The Invisible War features interviews with military personnel, lawmakers, and advocates, as well as veterans who have survived assault. The survivors talk about their experiences joining the military, the events surrounding their assaults, and the difficulties they have faced in seeking justice.

One survivor, Seaman Kori Cioca, struggles to earn benefits from the Department of Veterans Affairs to pay for the many medical difficulties that have resulted from her rape. With the help of attorney Susan Burke, Cioca brings a civil suit against the Department of Defense alleging a failure to adequately address sexual assault within the military.

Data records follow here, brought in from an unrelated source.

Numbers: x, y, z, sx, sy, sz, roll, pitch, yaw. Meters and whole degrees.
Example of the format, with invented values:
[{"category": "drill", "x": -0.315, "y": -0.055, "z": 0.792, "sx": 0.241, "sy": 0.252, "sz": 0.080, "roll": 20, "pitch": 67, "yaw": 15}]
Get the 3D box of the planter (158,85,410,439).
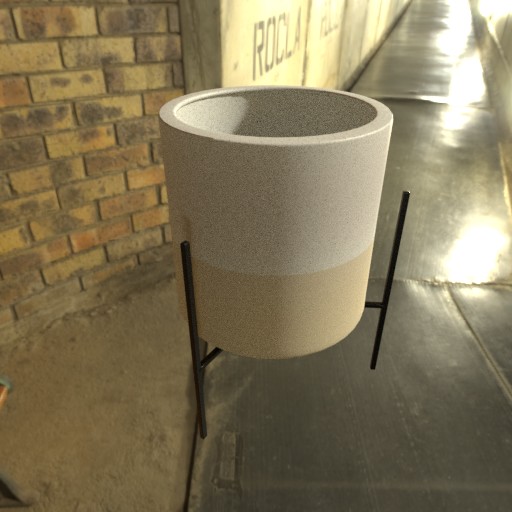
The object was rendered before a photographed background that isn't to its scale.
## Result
[{"category": "planter", "x": 0.000, "y": 0.000, "z": 0.551, "sx": 0.263, "sy": 0.362, "sz": 0.267, "roll": -23, "pitch": 38, "yaw": -32}]

The film also recounts several current and past incidents of sexual abuse, such as the 1991 Navy Tailhook scandal, the 1996 Army Aberdeen scandal, and the 2003 Air Force Academy scandal, and argues that the military has consistently made empty promises to address its high rate of sexual assault. The survivors and advocates featured in the film call for changes to the way the military handles sexual assault, such as shifting prosecution away from unit commanders, who often are either friends with assailants or are assailants themselves.

In 2010, 108,121 veterans screened positive for military sexual trauma, and 68,379 had at least one Veterans Health Administration outpatient visit for related conditions. Also in 2010, The Department of Defense processed reports of 3,198 new assaults but estimated the actual number of assaults to be closer to 19,000. However, these reports only resulted in convictions against 244 perpetrators.